§ What you are asked to do: Starting at the line that contains "hfov=43.3deg. Detect all" and stopping at the line that contains "8. pill bottle [331,0,485,73]", restate each line of the records below exactly. Omit the pictures.

§ Data under study:

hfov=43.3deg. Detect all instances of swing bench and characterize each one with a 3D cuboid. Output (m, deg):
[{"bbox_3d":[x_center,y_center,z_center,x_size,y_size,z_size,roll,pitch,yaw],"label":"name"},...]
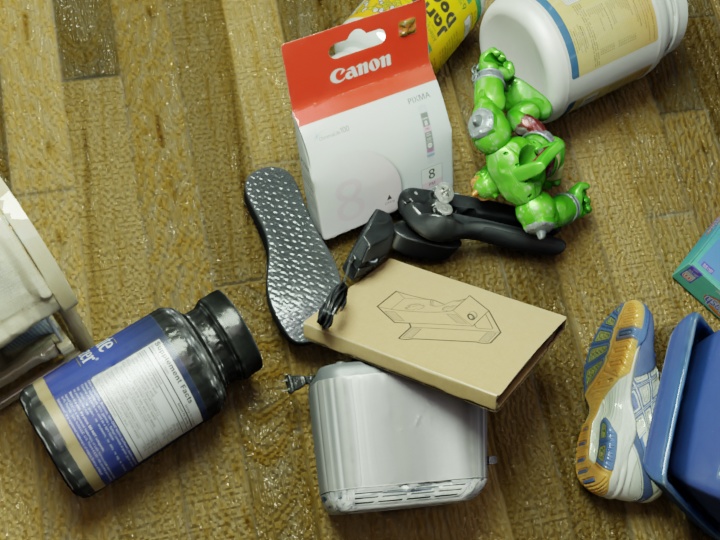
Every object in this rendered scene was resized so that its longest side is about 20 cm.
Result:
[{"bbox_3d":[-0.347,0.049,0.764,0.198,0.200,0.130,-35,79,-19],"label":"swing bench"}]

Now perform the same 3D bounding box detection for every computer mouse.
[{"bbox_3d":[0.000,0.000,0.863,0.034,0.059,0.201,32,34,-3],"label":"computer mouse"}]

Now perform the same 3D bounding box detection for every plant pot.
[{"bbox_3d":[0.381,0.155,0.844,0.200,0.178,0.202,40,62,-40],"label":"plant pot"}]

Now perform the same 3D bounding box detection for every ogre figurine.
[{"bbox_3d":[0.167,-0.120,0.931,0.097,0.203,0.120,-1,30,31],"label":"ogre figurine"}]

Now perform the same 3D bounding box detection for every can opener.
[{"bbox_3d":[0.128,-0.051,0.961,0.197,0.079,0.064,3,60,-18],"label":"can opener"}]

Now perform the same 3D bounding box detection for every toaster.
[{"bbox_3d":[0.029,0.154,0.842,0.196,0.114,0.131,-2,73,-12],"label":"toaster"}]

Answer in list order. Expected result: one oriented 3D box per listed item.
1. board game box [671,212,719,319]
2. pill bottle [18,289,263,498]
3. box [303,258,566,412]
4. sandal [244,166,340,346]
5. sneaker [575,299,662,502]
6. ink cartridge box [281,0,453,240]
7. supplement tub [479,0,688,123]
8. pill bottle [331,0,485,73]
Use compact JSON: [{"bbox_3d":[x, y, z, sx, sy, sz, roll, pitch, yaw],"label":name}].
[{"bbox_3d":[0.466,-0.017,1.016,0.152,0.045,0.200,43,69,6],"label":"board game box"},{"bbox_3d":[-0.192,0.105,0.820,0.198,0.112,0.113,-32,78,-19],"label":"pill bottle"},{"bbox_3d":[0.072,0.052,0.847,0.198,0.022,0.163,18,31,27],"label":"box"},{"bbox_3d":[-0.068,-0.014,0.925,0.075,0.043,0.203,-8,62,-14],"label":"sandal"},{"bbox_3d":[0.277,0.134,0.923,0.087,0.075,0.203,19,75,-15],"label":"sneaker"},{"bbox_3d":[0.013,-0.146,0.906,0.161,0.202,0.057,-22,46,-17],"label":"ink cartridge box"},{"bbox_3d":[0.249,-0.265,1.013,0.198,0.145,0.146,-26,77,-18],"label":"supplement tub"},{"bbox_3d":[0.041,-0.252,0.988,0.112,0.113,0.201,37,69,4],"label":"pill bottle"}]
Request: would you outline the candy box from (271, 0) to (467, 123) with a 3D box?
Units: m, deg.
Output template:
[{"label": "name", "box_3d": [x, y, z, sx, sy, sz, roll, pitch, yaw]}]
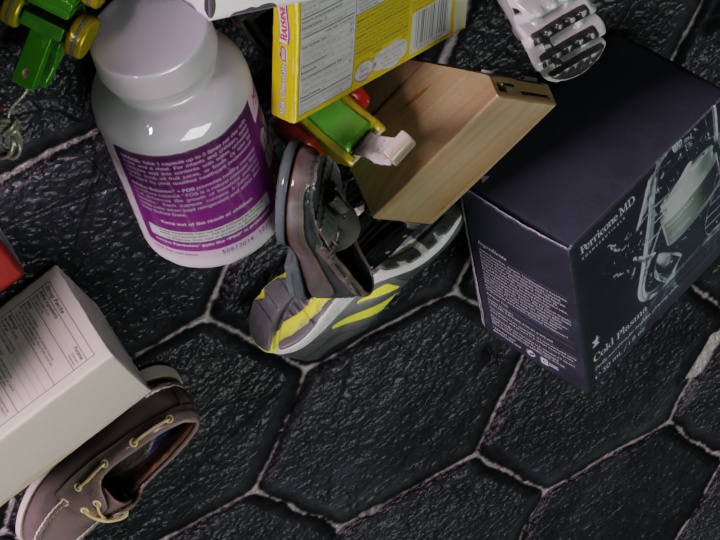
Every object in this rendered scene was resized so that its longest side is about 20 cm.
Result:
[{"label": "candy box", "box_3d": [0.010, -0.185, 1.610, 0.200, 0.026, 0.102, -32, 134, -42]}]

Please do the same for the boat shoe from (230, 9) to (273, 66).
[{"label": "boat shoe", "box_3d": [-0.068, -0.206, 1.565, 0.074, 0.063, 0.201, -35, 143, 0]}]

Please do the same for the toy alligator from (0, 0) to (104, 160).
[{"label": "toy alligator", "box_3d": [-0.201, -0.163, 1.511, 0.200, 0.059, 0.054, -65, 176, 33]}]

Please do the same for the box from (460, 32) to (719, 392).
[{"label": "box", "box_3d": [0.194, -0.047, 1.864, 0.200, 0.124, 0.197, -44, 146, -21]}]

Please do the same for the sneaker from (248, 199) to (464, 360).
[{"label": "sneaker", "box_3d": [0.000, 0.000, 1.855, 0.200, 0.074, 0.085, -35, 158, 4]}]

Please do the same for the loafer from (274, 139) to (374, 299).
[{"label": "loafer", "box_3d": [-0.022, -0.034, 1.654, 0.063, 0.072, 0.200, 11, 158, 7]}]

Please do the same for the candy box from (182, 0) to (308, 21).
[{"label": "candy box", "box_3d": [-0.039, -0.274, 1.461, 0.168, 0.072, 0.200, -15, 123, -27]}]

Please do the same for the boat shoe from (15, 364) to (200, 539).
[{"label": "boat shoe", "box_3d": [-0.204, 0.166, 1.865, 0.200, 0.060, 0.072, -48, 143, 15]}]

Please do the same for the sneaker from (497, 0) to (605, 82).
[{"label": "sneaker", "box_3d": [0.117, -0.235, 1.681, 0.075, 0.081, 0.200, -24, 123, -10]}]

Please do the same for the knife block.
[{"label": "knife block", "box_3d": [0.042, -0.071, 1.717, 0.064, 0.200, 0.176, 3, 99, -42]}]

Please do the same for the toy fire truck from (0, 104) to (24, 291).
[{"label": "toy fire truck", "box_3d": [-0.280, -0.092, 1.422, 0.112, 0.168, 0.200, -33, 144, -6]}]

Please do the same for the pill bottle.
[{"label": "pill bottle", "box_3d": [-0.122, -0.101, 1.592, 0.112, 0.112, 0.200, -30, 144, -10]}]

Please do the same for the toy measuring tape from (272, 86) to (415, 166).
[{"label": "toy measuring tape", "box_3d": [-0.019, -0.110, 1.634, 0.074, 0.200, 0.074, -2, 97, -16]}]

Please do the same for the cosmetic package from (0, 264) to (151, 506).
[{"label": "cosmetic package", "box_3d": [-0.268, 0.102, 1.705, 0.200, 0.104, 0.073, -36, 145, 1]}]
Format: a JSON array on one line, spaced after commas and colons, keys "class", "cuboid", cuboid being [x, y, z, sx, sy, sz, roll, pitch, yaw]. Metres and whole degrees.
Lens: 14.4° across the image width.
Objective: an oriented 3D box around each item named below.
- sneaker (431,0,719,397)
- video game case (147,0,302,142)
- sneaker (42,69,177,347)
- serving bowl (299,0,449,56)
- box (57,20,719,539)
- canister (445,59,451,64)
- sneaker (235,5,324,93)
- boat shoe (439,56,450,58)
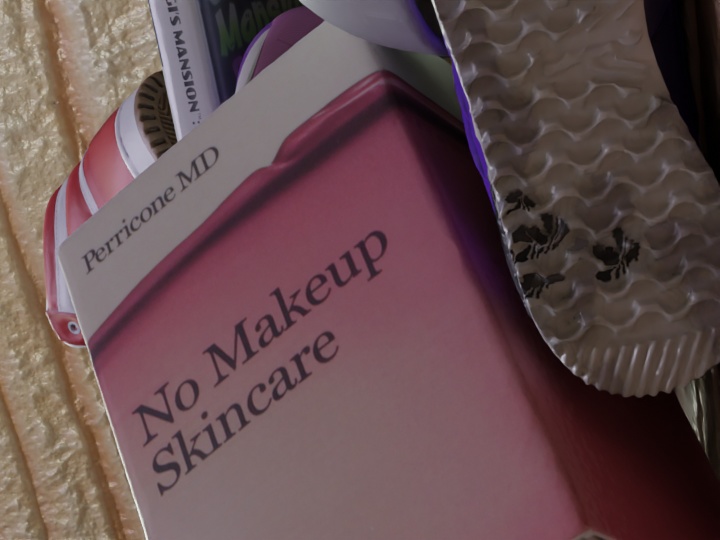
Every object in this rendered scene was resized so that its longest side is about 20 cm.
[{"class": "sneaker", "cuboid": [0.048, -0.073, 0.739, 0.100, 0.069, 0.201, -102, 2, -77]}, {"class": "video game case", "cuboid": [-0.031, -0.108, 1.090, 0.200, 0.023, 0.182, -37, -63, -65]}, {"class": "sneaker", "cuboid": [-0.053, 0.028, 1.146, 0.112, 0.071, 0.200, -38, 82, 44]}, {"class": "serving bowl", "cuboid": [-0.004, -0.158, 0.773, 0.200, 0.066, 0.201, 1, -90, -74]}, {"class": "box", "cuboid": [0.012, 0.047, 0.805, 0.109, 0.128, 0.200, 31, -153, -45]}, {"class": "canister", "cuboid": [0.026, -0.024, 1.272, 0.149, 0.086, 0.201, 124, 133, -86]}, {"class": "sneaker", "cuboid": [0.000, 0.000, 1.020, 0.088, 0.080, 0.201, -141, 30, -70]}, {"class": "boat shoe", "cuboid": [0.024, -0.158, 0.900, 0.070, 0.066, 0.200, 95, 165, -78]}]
* * *
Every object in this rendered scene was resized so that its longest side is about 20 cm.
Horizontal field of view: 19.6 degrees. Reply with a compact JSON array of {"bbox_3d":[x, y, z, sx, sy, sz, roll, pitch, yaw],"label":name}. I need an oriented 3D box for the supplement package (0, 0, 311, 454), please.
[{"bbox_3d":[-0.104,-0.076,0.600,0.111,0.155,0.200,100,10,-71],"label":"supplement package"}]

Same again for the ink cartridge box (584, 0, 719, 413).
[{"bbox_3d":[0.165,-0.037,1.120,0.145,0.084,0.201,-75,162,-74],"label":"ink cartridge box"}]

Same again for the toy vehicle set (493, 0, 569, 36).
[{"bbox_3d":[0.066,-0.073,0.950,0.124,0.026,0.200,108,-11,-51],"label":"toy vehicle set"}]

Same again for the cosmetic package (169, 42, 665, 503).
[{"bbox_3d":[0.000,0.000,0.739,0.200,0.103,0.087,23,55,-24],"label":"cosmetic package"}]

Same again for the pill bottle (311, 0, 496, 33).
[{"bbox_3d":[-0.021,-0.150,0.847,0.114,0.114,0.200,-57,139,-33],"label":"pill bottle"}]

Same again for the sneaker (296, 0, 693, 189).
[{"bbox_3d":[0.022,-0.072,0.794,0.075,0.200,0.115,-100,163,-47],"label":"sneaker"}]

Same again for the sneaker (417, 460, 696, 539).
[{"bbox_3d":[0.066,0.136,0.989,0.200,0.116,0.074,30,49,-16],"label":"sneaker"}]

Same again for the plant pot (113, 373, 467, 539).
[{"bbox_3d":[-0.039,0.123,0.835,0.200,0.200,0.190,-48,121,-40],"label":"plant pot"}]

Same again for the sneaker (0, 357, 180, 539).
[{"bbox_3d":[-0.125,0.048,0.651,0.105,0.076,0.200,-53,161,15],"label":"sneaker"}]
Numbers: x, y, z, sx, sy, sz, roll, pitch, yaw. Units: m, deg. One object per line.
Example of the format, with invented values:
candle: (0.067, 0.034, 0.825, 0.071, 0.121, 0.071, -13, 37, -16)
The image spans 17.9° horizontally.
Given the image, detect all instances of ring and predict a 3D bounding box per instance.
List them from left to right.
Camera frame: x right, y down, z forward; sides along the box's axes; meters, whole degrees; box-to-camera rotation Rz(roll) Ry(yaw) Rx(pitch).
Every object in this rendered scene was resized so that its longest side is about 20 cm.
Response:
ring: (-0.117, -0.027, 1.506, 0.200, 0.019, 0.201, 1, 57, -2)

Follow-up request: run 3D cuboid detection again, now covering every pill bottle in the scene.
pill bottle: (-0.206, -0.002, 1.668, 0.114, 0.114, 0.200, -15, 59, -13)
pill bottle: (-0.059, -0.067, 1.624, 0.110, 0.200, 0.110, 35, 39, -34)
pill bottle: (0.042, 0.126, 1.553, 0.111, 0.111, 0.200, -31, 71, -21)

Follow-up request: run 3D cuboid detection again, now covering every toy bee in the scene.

§ Problem solution:
hfov=43.3deg. Detect all instances of swing bench and characterize each one with a 3D cuboid. Output (m, deg):
[{"bbox_3d":[x_center,y_center,z_center,x_size,y_size,z_size,roll,pitch,yaw],"label":"name"},...]
Every object in this rendered scene was resized so that its longest side is about 20 cm.
Result:
[{"bbox_3d":[-0.347,0.049,0.764,0.198,0.200,0.130,-35,79,-19],"label":"swing bench"}]

Now perform the same 3D bounding box detection for every computer mouse.
[{"bbox_3d":[0.000,0.000,0.863,0.034,0.059,0.201,32,34,-3],"label":"computer mouse"}]

Now perform the same 3D bounding box detection for every plant pot.
[{"bbox_3d":[0.381,0.155,0.844,0.200,0.178,0.202,40,62,-40],"label":"plant pot"}]

Now perform the same 3D bounding box detection for every ogre figurine.
[{"bbox_3d":[0.167,-0.120,0.931,0.097,0.203,0.120,-1,30,31],"label":"ogre figurine"}]

Now perform the same 3D bounding box detection for every can opener.
[{"bbox_3d":[0.128,-0.051,0.961,0.197,0.079,0.064,3,60,-18],"label":"can opener"}]

Now perform the same 3D bounding box detection for every toaster.
[{"bbox_3d":[0.029,0.154,0.842,0.196,0.114,0.131,-2,73,-12],"label":"toaster"}]

Answer in list order. Expected result: one oriented 3D box per listed item.
1. board game box [671,212,719,319]
2. pill bottle [18,289,263,498]
3. box [303,258,566,412]
4. sandal [244,166,340,346]
5. sneaker [575,299,662,502]
6. ink cartridge box [281,0,453,240]
7. supplement tub [479,0,688,123]
8. pill bottle [331,0,485,73]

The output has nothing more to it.